[photopress:IT_Lenovoi_notebook.jpg,full,alignright]Lenovo is very serious about nudging arch-rival Acer from the third place in the world rankings, behind Hewlett-Packard and Dell of the United States. Now it has launched a new line in France with a range of products aimed at individuals instead of large companies. This is part of its global strategy of expanding its market appeal by going for defined segments of the market.
Lenovo France chairman Jean-Michel Donner said its ‘Idea’ range of portable and desktop personal computers will be on sale by the middle of this month at four major retail chains. He said the company, which is focusing on ‘medium- to high-end range models with innovative designs . . . aims to launch all these products across Europe in 2008.’

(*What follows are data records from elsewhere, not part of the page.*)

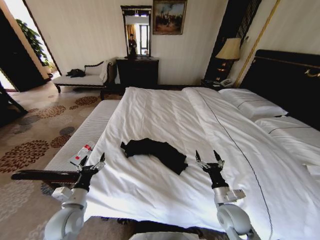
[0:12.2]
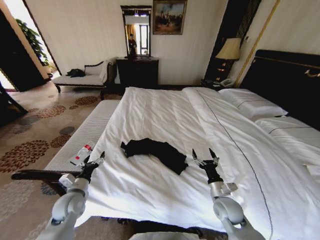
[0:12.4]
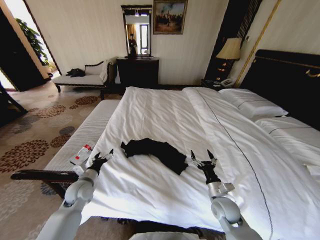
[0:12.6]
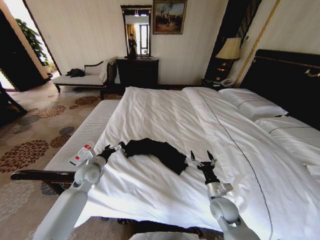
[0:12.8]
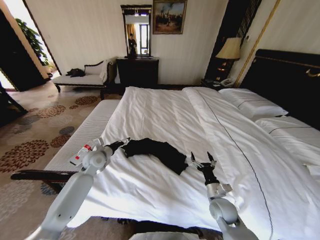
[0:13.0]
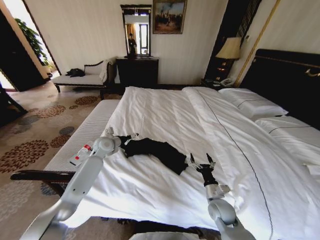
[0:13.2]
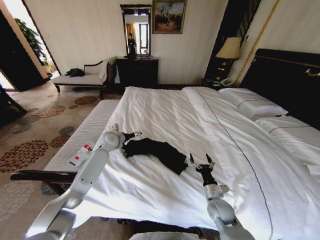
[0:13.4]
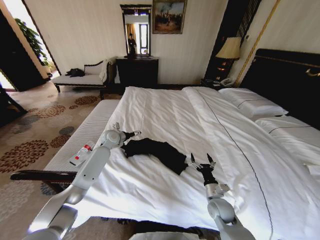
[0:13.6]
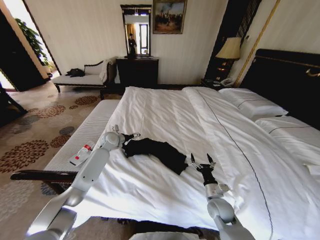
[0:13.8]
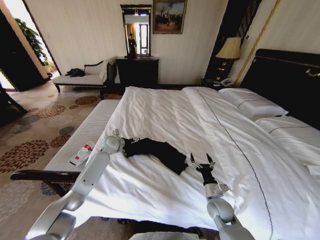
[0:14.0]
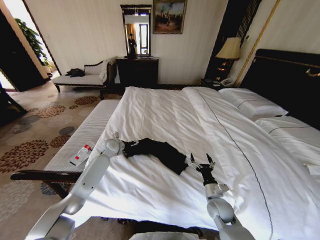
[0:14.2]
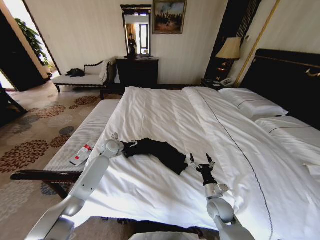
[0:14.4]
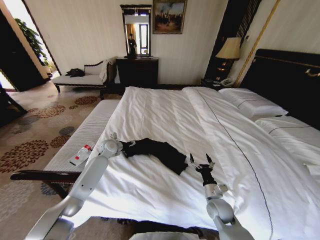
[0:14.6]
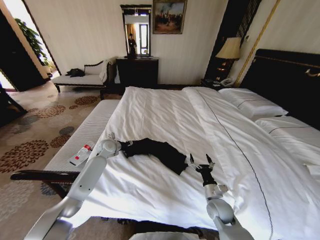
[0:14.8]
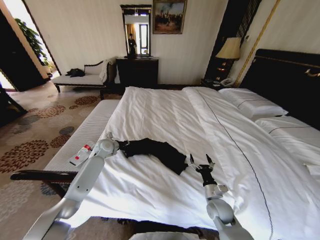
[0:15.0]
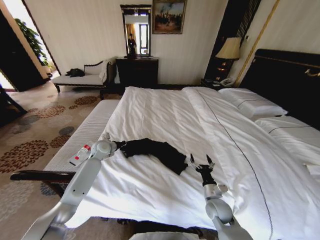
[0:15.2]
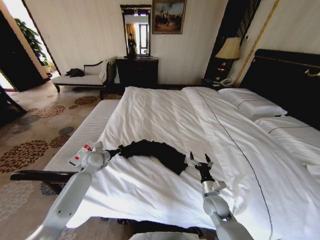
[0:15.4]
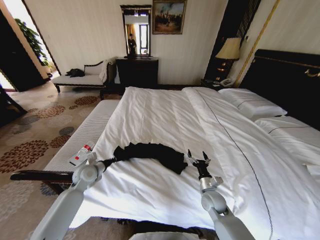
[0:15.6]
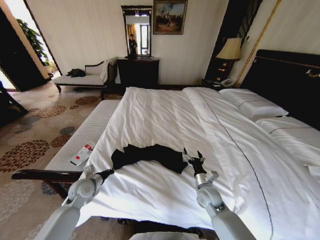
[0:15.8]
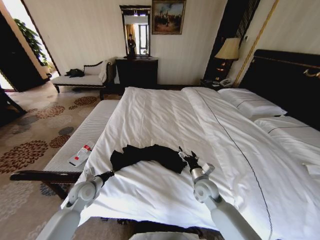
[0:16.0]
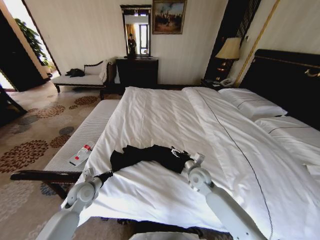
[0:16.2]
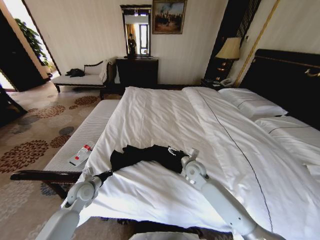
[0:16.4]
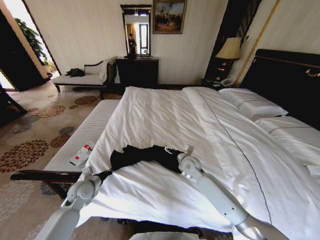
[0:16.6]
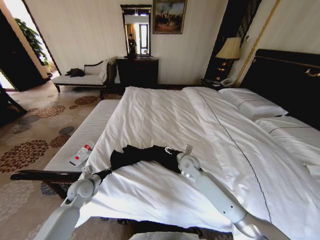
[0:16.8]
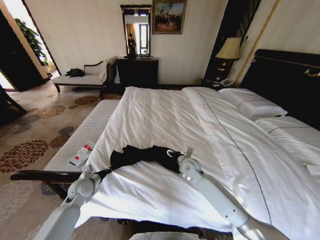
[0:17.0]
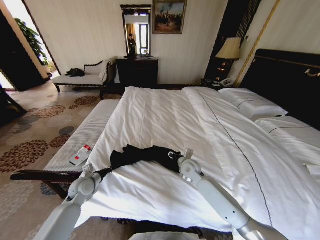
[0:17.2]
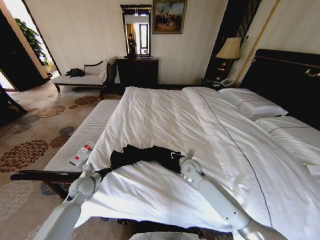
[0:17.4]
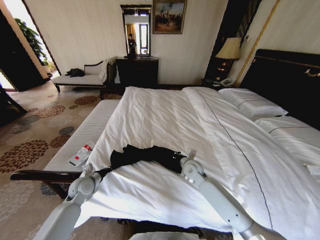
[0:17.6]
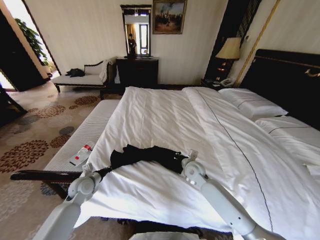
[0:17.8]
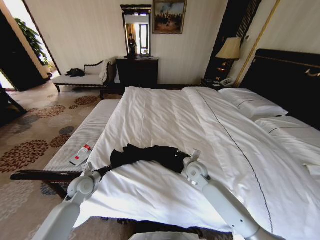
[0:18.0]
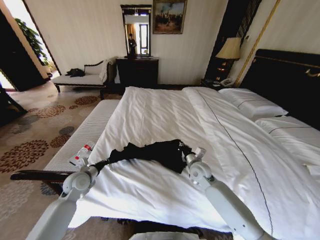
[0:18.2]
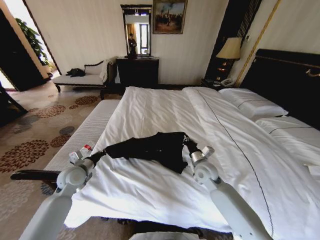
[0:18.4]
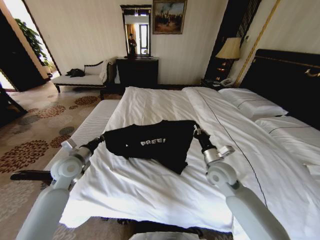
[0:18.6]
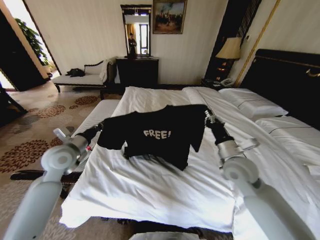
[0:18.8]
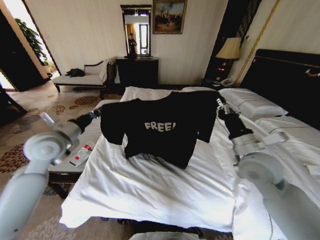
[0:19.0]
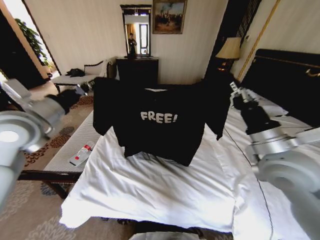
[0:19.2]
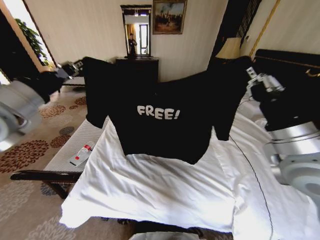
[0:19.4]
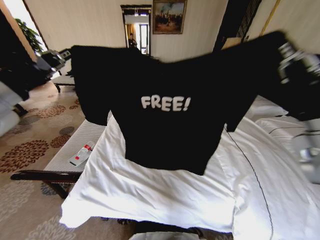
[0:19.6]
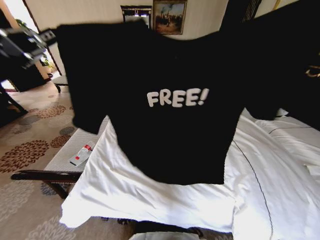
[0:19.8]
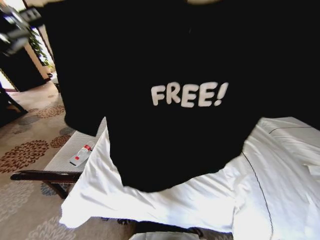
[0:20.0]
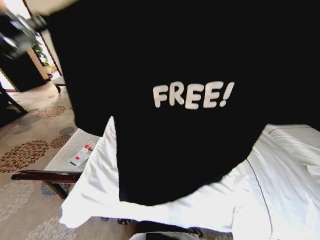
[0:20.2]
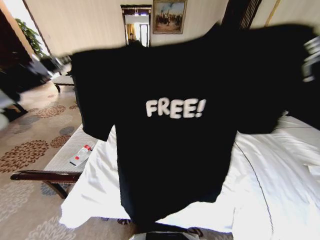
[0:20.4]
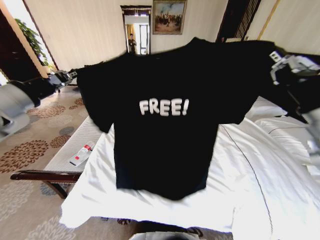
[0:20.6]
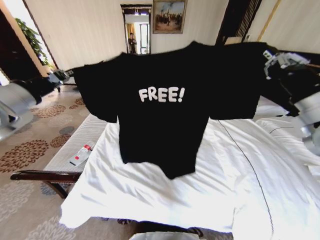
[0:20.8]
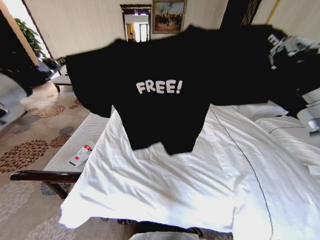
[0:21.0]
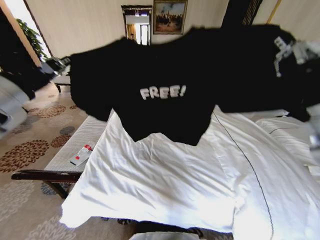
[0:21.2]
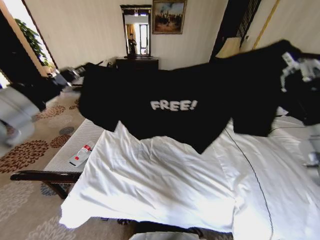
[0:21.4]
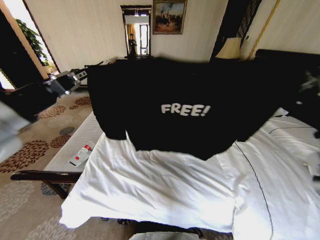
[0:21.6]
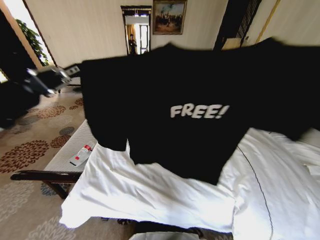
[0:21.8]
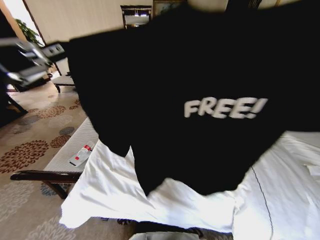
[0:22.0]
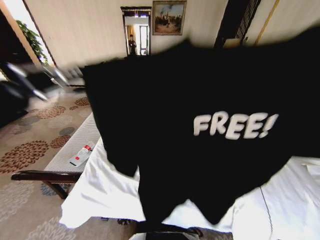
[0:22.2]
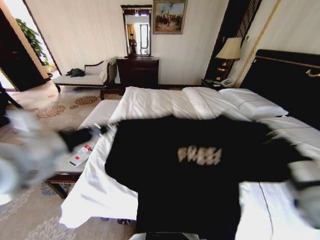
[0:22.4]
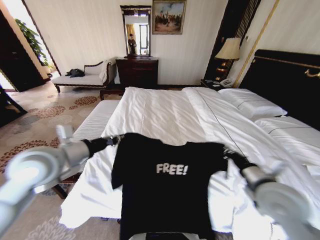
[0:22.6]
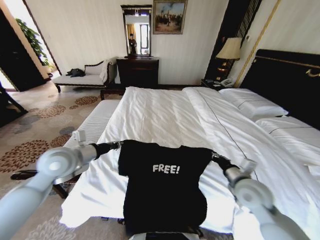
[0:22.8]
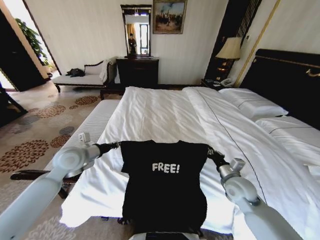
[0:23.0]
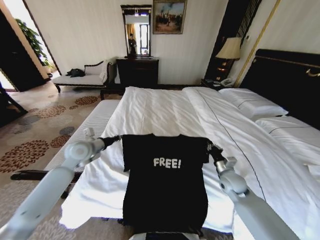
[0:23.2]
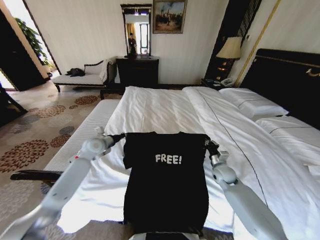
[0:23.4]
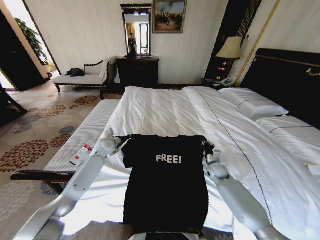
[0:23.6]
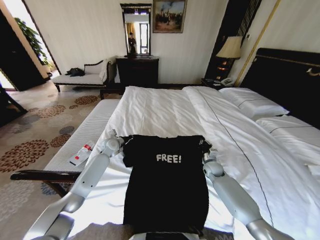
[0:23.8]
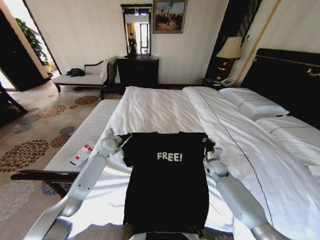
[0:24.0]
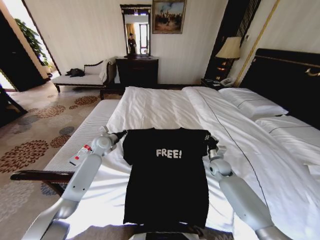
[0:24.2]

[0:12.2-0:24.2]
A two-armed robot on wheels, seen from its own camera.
Task of the whole recording: Fold the clothes on the bed.
0:12.2 to 0:13.8: The right gripper moves downward, roughly 5 cm. The left gripper heads forward, covering roughly 35 cm.
0:13.8 to 0:15.2: The left gripper moves about 5 cm, and closes.
0:15.2 to 0:16.6: The right gripper moves forward, to the left and upward, some 20 cm. Meanwhile the left gripper shifts roughly 20 cm backward.
0:16.6 to 0:18.2: The right gripper closes.
0:18.2 to 0:19.8: The right gripper heads upward and backward, covering roughly 40 cm. Meanwhile the left gripper heads upward, covering approximately 40 cm.
0:19.8 to 0:21.2: The right gripper shifts roughly 5 cm forward. The left gripper travels forward by some 10 cm.
0:21.2 to 0:22.6: The left gripper heads downward and to the right, covering some 15 cm, while the right gripper heads downward, covering roughly 20 cm.
0:22.6 to 0:24.2: Both grippers move forward and downward, roughly 30 cm.

He said it was important for Lenovo to have a presence in the mass consumer market, which industry figures show accounts for 40% of the global computer market. All of which is true. But Lenovo is venturing into what is, for it as a computer company, a totally new area. Where style is as important as, perhaps more important than, function. Where it is pretty certain it will be selling more notebooks than desktops.
It is not very French — nor Italian nor even European — to have an ugly machine dominate a space when the same job can be done by something smaller with style. At one time there was no choice. There is now.
That word style is indefinable. Apple had it right from the beginning. Acer never acquired it. Hewlett-Packard thought it a mental aberration — one of its vice-presidents told me this firmly in an interview. But, in fact, what will decide the fate of the Lenovo line in Europe will not be computing power but style — and that is difficult to achieve although its latest laptops looks as if it is on message.